Dana Eshelman, MS, RDN, CSSD, METS I

Sugar has been put in a negative light for the past few years; it has been vilainized. But, before you put sugar in the “forbidden box” and lock it up, I want to highlight what sugar is, many nutrient-dense foods that contain sugar, and where it can fit in your nutrition plan!

Carbohydrates Are Sugar

Carbohydrates are split into two main categories - simple versus complex. Glucose, sucrose (table sugar), fructose (fruit sugar), maltose, and lactose (dairy sugar) are simple carbohydrates. All carbohydrates are broken down into the simplest form of sugar, glucose. Glucose provides fuel to your working muscles and gives you that performance edge to have a kick at the end of your race. Glucose is also the only fuel source for your brain, which is why low carbohydrate intake can cause brain fog/ “fuzzy” brain.

Complex carbohydrates are longer strains of carbohydrate that contain fiber, meaning they take longer to digest and break down in your body. For example, beans, squash, potato, oats, quinoa, brown and wild rice, whole grain tortillas/pastas/cereals, to name a few. But, guess what!? These guys still break down to glucose. Remember, all carbohydrates break down to the simplest form of sugar (glucose) to fuel your body!

Surprise! Even your veggies have sugar.

There are a variety of nutrient dense foods that have sugar in them (see simple sugars above). Sucrose is naturally made in all green plants through photosynthesis. Fruits and vegetables contain sucrose, fructose and glucose while milk products contain lactose. Fruits, veggies and milk products contain vitamins and minerals that provide multiple health benefits! Fruits and veggies are also plentiful in antioxidants and fiber, which is important in blood sugar control and gut health.

What About Added Sugars?

Added sugars are any sugar that is not naturally occurring in the food. For example, honey added to a granola bar or cereal as a sweetener to enhance the flavor. Sugar is added in a wide range of foods from whole grain breads and cereals, to pasta sauce, to dairy products for food preservation, a thickening agent, balancing acidity, and holding in moisture. This does not mean these foods need to be eliminated.

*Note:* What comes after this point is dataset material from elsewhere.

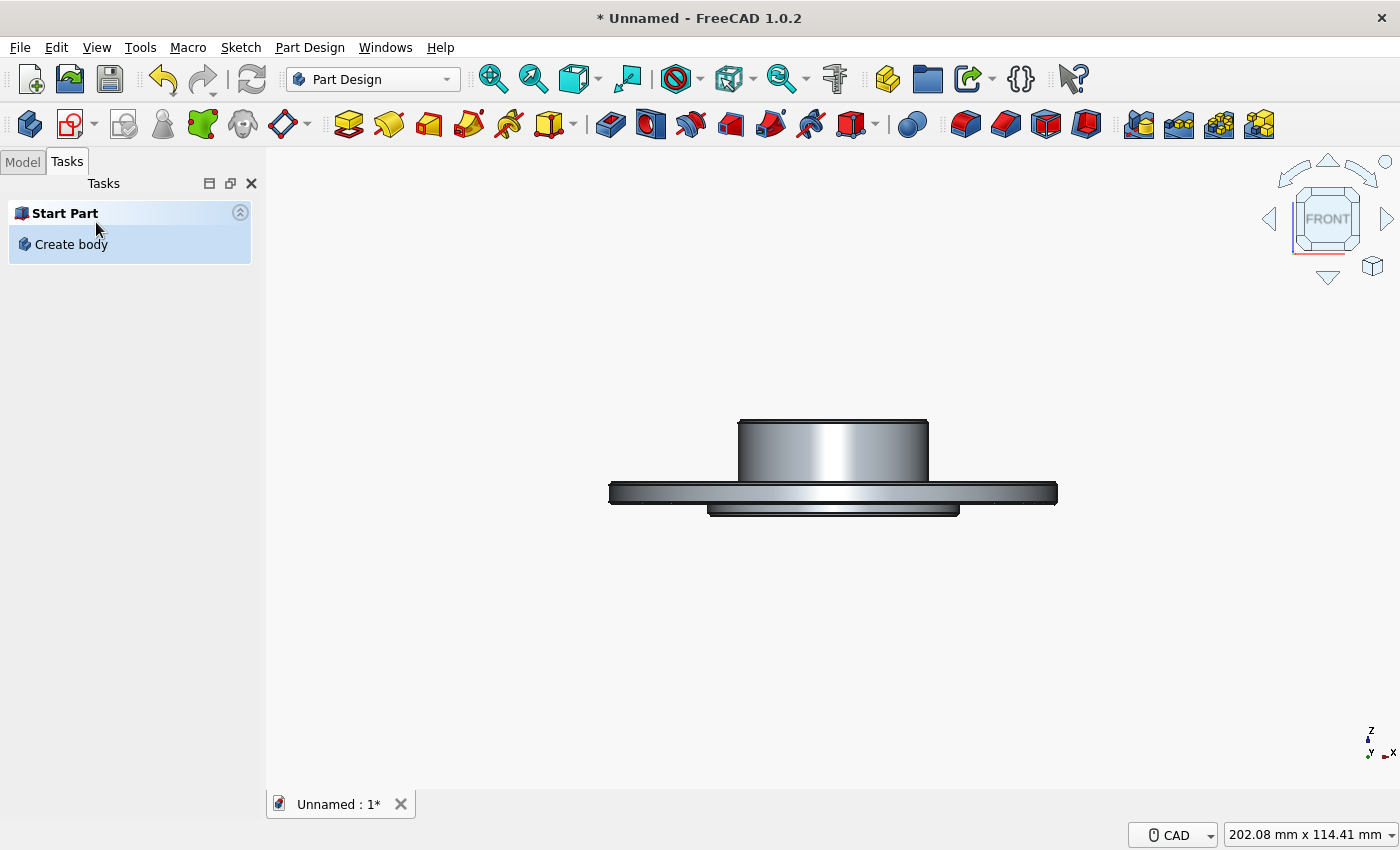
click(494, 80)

Many of the foods that contain added sugars also pack a nutrition punch!

Athletes, that means you do not need to avoid sugar all together. In fact, it can be a huge benefit for performance. Both starches and sugars provide your body with 4 calories per gram and can be used strategically to provide energy for your working muscles (hello performance gains) and replenish muscle or liver as glycogen for rapid recovery. Eliminating sugar all together is not the answer.

Sugar and Health

When looking at your day to day nutrition, it is important to consider nutrient timing and meal content. Decreasing the consumption of added sugars in your daily nutrition (the nutrition outside of your pre, during and post workout) by including more whole foods that contain fiber such as fruits, veggies, and whole grains is going to provide you the best benefit for overall health. Be an educated consumer and understand the products that have “added sugars” in them including sugary beverages, dairy and dairy alternatives, cereals, and other packaged goods. It is recommended to limit added sugar intake to less than 25 grams per day for females and 36 grams per day for males.

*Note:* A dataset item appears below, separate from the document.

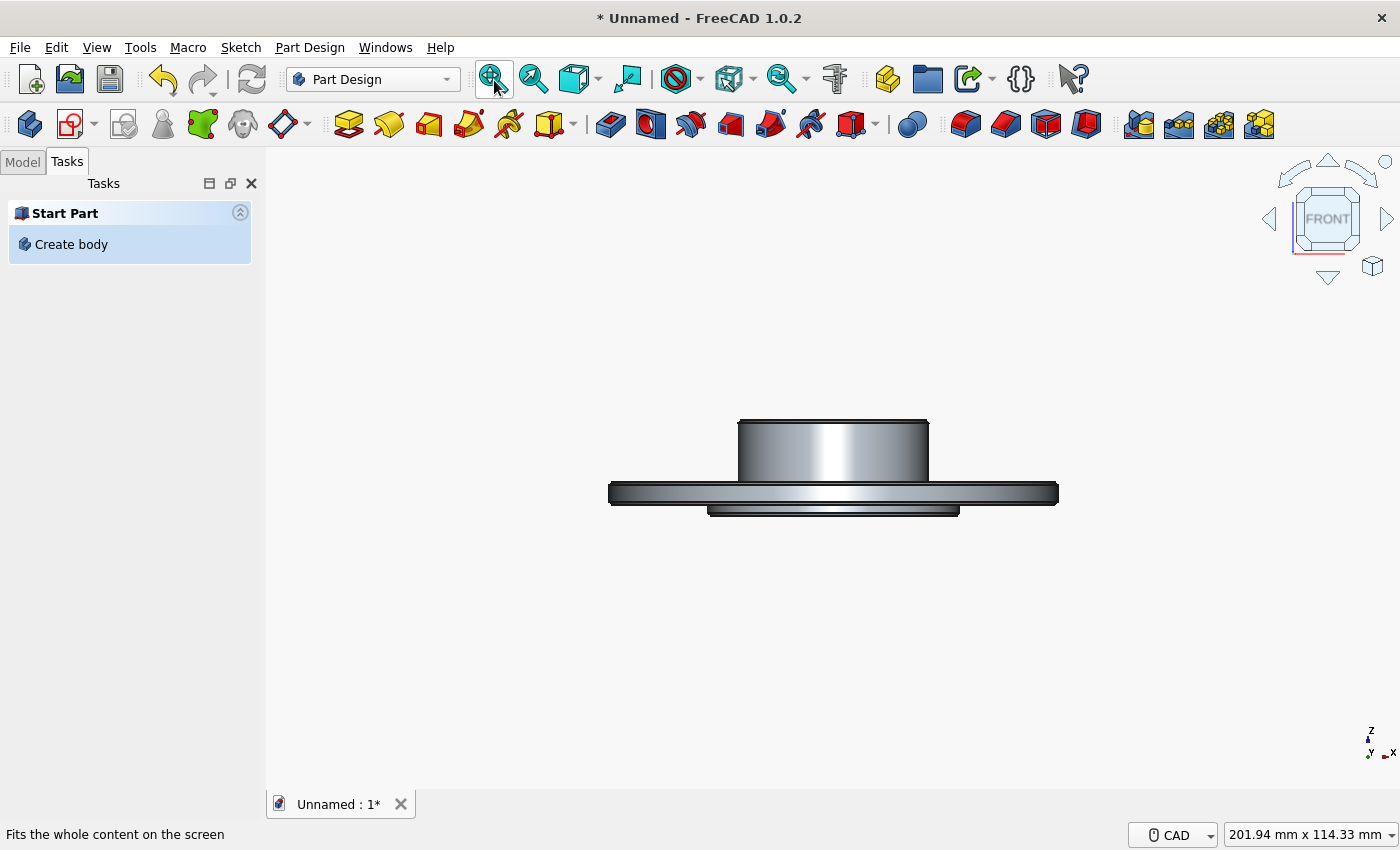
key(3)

As athletes, there is a time and place to include those simple sugars to fuel and refuel; and, as a part of a balanced nutrition plan. Consider supporting your body with a performance plate that consists of protein, fat, carbs and color (fruits and veggies) most of the time and adding in those fun foods for celebration, memories, and a quick boost of energy to fly across the finish line.